It’s not just the financial industry that faces risks from cybercriminals; healthcare organizations, with their massive databases full of personal information, have become common targets as well. Compliance specialists and leaders will have their work cut out for them in the coming year.

“We are seeing a significant number of cyber breaches and ransomware,” says Gerry Blass, President and CEO of ComplyAssistant, which provides HIPAA compliance solutions. “In some cases we see pure destruction of healthcare information networks that causes significant downtime of critical systems and devices that could even result in threats to the lives of patients.”

In light of increased threats, here’s what compliance officers will be dealing with in 2018.

Managing Risk

Compliance officers will need to think strategically in the new year and work closely with other leaders to protect the organization.

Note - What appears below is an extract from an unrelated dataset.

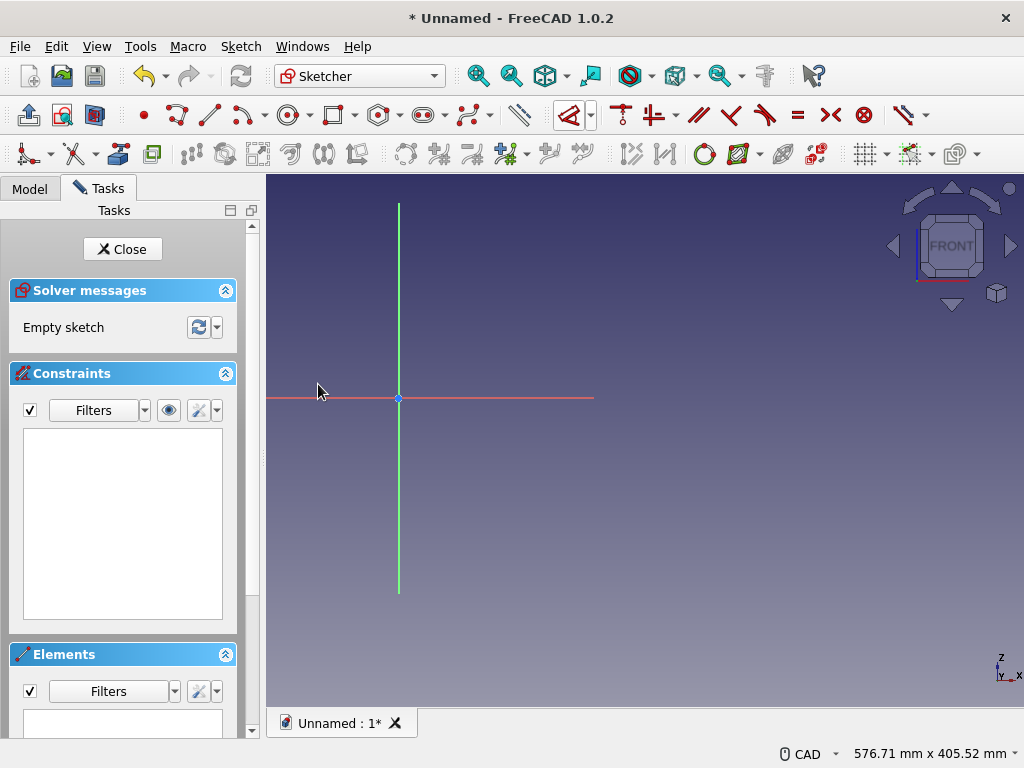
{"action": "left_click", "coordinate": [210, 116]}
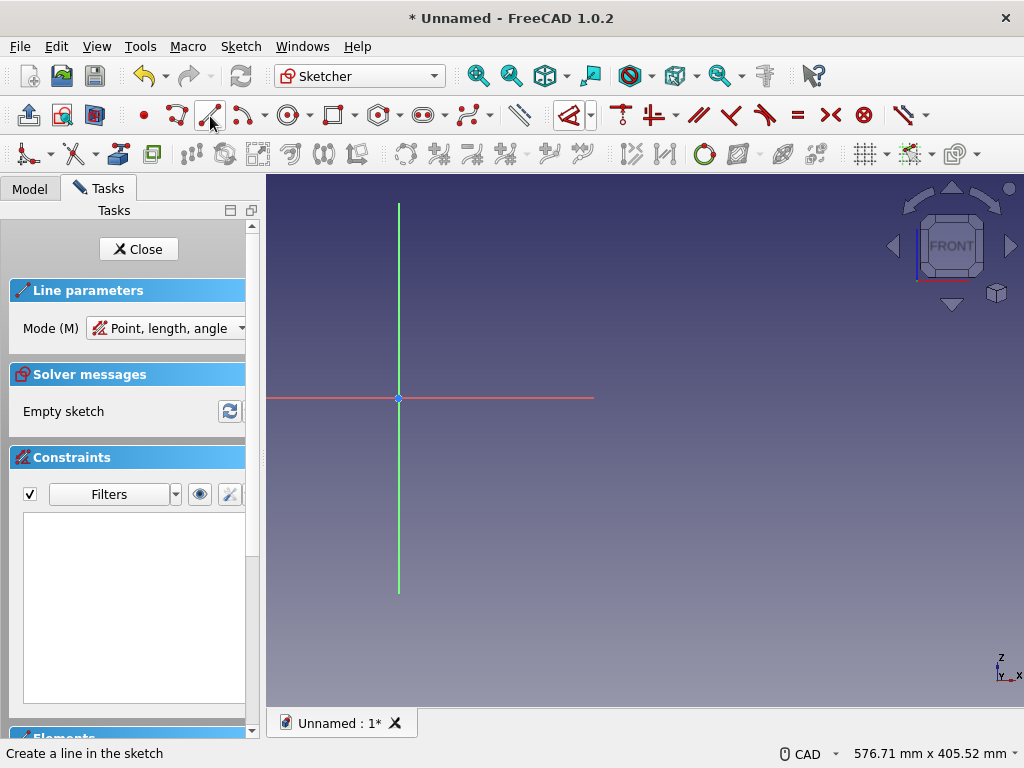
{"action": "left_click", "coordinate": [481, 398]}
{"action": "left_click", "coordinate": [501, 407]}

Partnering with IT, risk management and other internal experts will be key in the coming year for compliance specialists.

“Healthcare organizations need to understand that it’s not a matter of if an Equifax-like breach will occur but how they are able to manage business continuity when a breach happens,” says Lee Barrett, Executive Director of the Electronic Healthcare Network Accreditation Commission, a nonprofit standards-development organization and accrediting body for organizations that electronically exchange healthcare data.

Healthcare organizations will need to embrace risk-management strategies and to carefully go over security frameworks, he says. “We also have to take a hard look at accounting for medical devices as well as examine [bring your own device] protocol frameworks, which bring about their own set of challenging issues with respect to security and privacy compliance.”

Stepping Up Training

The majority of data breaches are caused by human error, says Jay Hodes, President of Colington Consulting, a HIPAA compliance consultant. “With the ever-growing threat of ransomware and phishing attacks in the healthcare sector, organizations need to do a better job in training their workforce in 2018,” he says.

Compliance specialists can take the lead in advocating for more training, as they understand well what’s at stake. “Education is critical in recognizing the threat, and continued awareness on best practices to safeguard protected health information must be a priority in the coming year,” Hodes says.

Adopting “Meaningful Use”

New regulations that have been phased in voluntarily over the past few years are now mandatory, and by January 2018 those will include Stage 3 meaningful-use requirements. “Many providers are not adequately prepared for this,” says Nick Merkin, Chief Executive Officer of Compliagent, a healthcare compliance consulting firm.

Now is the time to double-check that you’re ready. “These new requirements mandate that all hospitals and eligible healthcare professionals use certified EHR systems in order to receive certain payments,” Merkin says. If you’re not compliant, those payments are at risk.

Fighting Medicare Fraud

Recent high-profile fraud cases have made enforcement a priority, Merkin says. “Medicare fraud remains squarely in the sights of federal investigators, especially after news broke this past summer of a successful reimbursement fraud enforcement operation against over 300 people nationwide totaling almost a billion dollars,” he says. Investigators are likely to push even harder in 2018.

“Providers should be adequately prepared and have the right documentation in line to respond to audits and investigations or risk substantial fines and penalties,” Merkin says. Review your processes to ensure you remain compliant.

Technology, regulations and other challenges will loom large for compliance leaders in 2018. Ensuring your systems and processes are up-to-date will help keep you ahead of those challenges throughout the year.